A key feature of Metaflow is that it is agnostic of the runtime. The same code can be executed both with the local runtime as well as with production runtime, which enables a rapid development-deploy-debug cycle.
Metaflow requires an object store where both code snapshots as well as data artifacts can be persisted. This data store should be accessible by all environments where Metaflow code is executed. The AWS S3 is a perfect solution for this need. Secondarily, Metaflow supports using a local disk as a data store, which is mainly useful during the development of Metaflow itself.
An important feature of Metaflow is that the data store is used as a content-addressed storage. Both code and data are identified by a hash of their contents, similar to Git, so equal copies of data are deduplicated automatically. Note that this deduplication is limited in scope however; data across different flows will not be deduplicated.

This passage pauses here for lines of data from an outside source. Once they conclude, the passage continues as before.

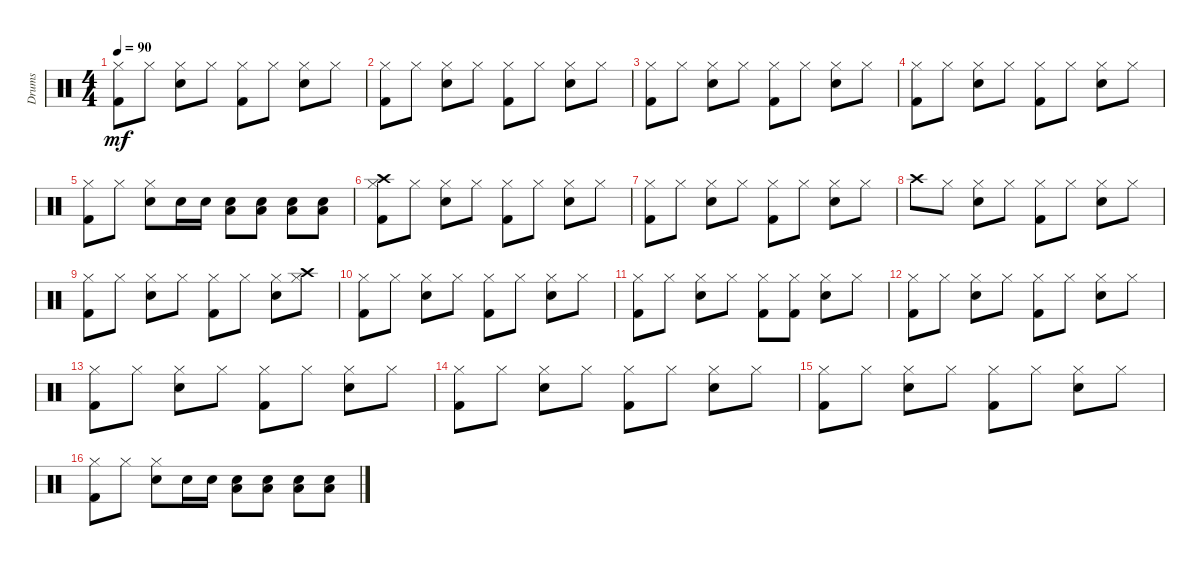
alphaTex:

\track ("Drums" "Drums") {instrument percussion}
\staff {score}
\articulation defaults
\ts (4 4)
\tempo 90
\clef neutral
\ks c
("Hi-Hat (closed)" "Kick (hit) 2").8{dy mf} "Hi-Hat (closed)".8 ("Hi-Hat (closed)" "Snare (hit) 2").8 "Hi-Hat (closed)".8 ("Hi-Hat (closed)" "Kick (hit) 2").8 "Hi-Hat (closed)".8 ("Hi-Hat (closed)" "Snare (hit) 2").8 "Hi-Hat (closed)".8 |
("Hi-Hat (closed)" "Kick (hit) 2").8 "Hi-Hat (closed)".8 ("Hi-Hat (closed)" "Snare (hit) 2").8 "Hi-Hat (closed)".8 ("Hi-Hat (closed)" "Kick (hit) 2").8 "Hi-Hat (closed)".8 ("Hi-Hat (closed)" "Snare (hit) 2").8 "Hi-Hat (closed)".8 |
("Hi-Hat (closed)" "Kick (hit) 2").8 "Hi-Hat (closed)".8 ("Hi-Hat (closed)" "Snare (hit) 2").8 "Hi-Hat (closed)".8 ("Hi-Hat (closed)" "Kick (hit) 2").8 "Hi-Hat (closed)".8 ("Hi-Hat (closed)" "Snare (hit) 2").8 "Hi-Hat (closed)".8 |
("Hi-Hat (closed)" "Kick (hit) 2").8 "Hi-Hat (closed)".8 ("Hi-Hat (closed)" "Snare (hit) 2").8 "Hi-Hat (closed)".8 ("Hi-Hat (closed)" "Kick (hit) 2").8 "Hi-Hat (closed)".8 ("Hi-Hat (closed)" "Snare (hit) 2").8 "Hi-Hat (closed)".8 |
("Hi-Hat (closed)" "Kick (hit) 2").8 "Hi-Hat (closed)".8 ("Hi-Hat (closed)" "Snare (hit) 2").8 "Snare (hit) 2".16 "Snare (hit) 2".16 ("Snare (hit) 2" "Low Floor Tom (hit)").8 ("Snare (hit) 2" "Low Floor Tom (hit)").8 ("Snare (hit) 2" "Low Floor Tom (hit)").8 ("Snare (hit) 2" "Low Floor Tom (hit)").8 |
("Hi-Hat (closed)" "Crash high (hit)" "Kick (hit) 2").8 "Hi-Hat (closed)".8 ("Hi-Hat (closed)" "Snare (hit) 2").8 "Hi-Hat (closed)".8 ("Hi-Hat (closed)" "Kick (hit) 2").8 "Hi-Hat (closed)".8 ("Hi-Hat (closed)" "Snare (hit) 2").8 "Hi-Hat (closed)".8 |
("Hi-Hat (closed)" "Kick (hit) 2").8 "Hi-Hat (closed)".8 ("Hi-Hat (closed)" "Snare (hit) 2").8 "Hi-Hat (closed)".8 ("Hi-Hat (closed)" "Kick (hit) 2").8 "Hi-Hat (closed)".8 ("Hi-Hat (closed)" "Snare (hit) 2").8 "Hi-Hat (closed)".8 |
"Crash high (hit)".8 "Hi-Hat (closed)".8 ("Hi-Hat (closed)" "Snare (hit) 2").8 "Hi-Hat (closed)".8 ("Hi-Hat (closed)" "Kick (hit) 2").8 "Hi-Hat (closed)".8 ("Hi-Hat (closed)" "Snare (hit) 2").8 "Hi-Hat (closed)".8 |
("Hi-Hat (closed)" "Kick (hit) 2").8 "Hi-Hat (closed)".8 ("Hi-Hat (closed)" "Snare (hit) 2").8 "Hi-Hat (closed)".8 ("Hi-Hat (closed)" "Kick (hit) 2").8 "Hi-Hat (closed)".8 ("Hi-Hat (closed)" "Snare (hit) 2").8 ("Hi-Hat (closed)" "Crash high (hit)").8 |
("Hi-Hat (closed)" "Kick (hit) 2").8 "Hi-Hat (closed)".8 ("Hi-Hat (closed)" "Snare (hit) 2").8 "Hi-Hat (closed)".8 ("Hi-Hat (closed)" "Kick (hit) 2").8 "Hi-Hat (closed)".8 ("Hi-Hat (closed)" "Snare (hit) 2").8 "Hi-Hat (closed)".8 |
("Hi-Hat (closed)" "Kick (hit) 2").8 "Hi-Hat (closed)".8 ("Hi-Hat (closed)" "Snare (hit) 2").8 "Hi-Hat (closed)".8 ("Hi-Hat (closed)" "Kick (hit) 2").8 ("Hi-Hat (closed)" "Kick (hit) 2").8 ("Hi-Hat (closed)" "Snare (hit) 2").8 "Hi-Hat (closed)".8 |
("Hi-Hat (closed)" "Kick (hit) 2").8 "Hi-Hat (closed)".8 ("Hi-Hat (closed)" "Snare (hit) 2").8 "Hi-Hat (closed)".8 ("Hi-Hat (closed)" "Kick (hit) 2").8 "Hi-Hat (closed)".8 ("Hi-Hat (closed)" "Snare (hit) 2").8 "Hi-Hat (closed)".8 |
("Hi-Hat (closed)" "Kick (hit) 2").8 "Hi-Hat (closed)".8 ("Hi-Hat (closed)" "Snare (hit) 2").8 "Hi-Hat (closed)".8 ("Hi-Hat (closed)" "Kick (hit) 2").8 "Hi-Hat (closed)".8 ("Hi-Hat (closed)" "Snare (hit) 2").8 "Hi-Hat (closed)".8 |
("Hi-Hat (closed)" "Kick (hit) 2").8 "Hi-Hat (closed)".8 ("Hi-Hat (closed)" "Snare (hit) 2").8 "Hi-Hat (closed)".8 ("Hi-Hat (closed)" "Kick (hit) 2").8 "Hi-Hat (closed)".8 ("Hi-Hat (closed)" "Snare (hit) 2").8 "Hi-Hat (closed)".8 |
("Hi-Hat (closed)" "Kick (hit) 2").8 "Hi-Hat (closed)".8 ("Hi-Hat (closed)" "Snare (hit) 2").8 "Hi-Hat (closed)".8 ("Hi-Hat (closed)" "Kick (hit) 2").8 "Hi-Hat (closed)".8 ("Hi-Hat (closed)" "Snare (hit) 2").8 "Hi-Hat (closed)".8 |
("Hi-Hat (closed)" "Kick (hit) 2").8 "Hi-Hat (closed)".8 ("Hi-Hat (closed)" "Snare (hit) 2").8 "Snare (hit) 2".16 "Snare (hit) 2".16 ("Snare (hit) 2" "Low Floor Tom (hit)").8 ("Snare (hit) 2" "Low Floor Tom (hit)").8 ("Snare (hit) 2" "Low Floor Tom (hit)").8 ("Snare (hit) 2" "Low Floor Tom (hit)").8

A centralized Metadata Provider keeps track of runs. Strictly speaking, this functionality is not required by Metaflow but it makes the system much more usable. The service also helps to make data artifacts and other metadata about runs more discoverable during result-time, as explained below.
Flows are defined and run for their results. Metaflow supports a number of different ways to consume outputs of runs: Results can be written to Hive tables for consumption by downstream systems and dashboards, they can be accessed in a notebook for further analysis, or in a hosted web service (this last functionality is not yet available in Open Source).
Metaflow provides a highly usable Python API to access results of previous runs, called
metaflow.client. A typical way to use
metaflow.client is to access data artifacts of past runs in a Jupyter notebook. It is extremely convenient to be able to examine the internal state of production runs or perform further ad-hoc analysis of the results in a notebook.